*What this task involves*
Nothing but the exact lines from the one containing "The horizontal FOV" through the last line of the records below belongs in your answer.

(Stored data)

::::::::

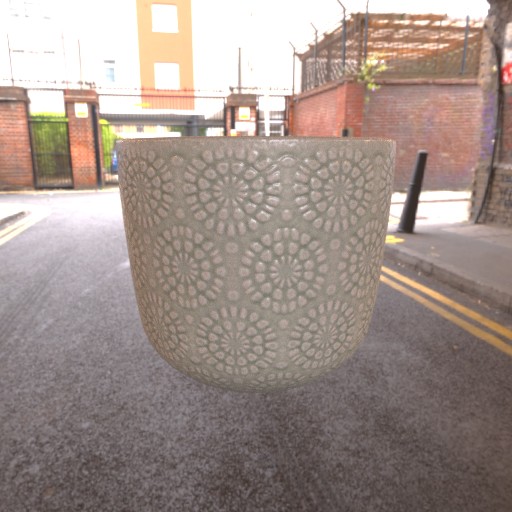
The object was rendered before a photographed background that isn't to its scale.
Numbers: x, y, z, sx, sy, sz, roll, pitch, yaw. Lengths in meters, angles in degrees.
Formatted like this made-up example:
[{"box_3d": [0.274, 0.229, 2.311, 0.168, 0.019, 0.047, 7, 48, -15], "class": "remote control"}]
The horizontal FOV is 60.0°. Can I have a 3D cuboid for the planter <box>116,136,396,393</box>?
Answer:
[{"box_3d": [0.000, 0.000, 0.216, 0.124, 0.109, 0.124, 0, 13, 0], "class": "planter"}]

::::::::

*Result of the exercise*
The horizontal FOV is 60.0°. Can I have a 3D cuboid for the planter <box>116,136,396,393</box>?
Answer:
[{"box_3d": [0.000, 0.000, 0.216, 0.124, 0.109, 0.124, 0, 13, 0], "class": "planter"}]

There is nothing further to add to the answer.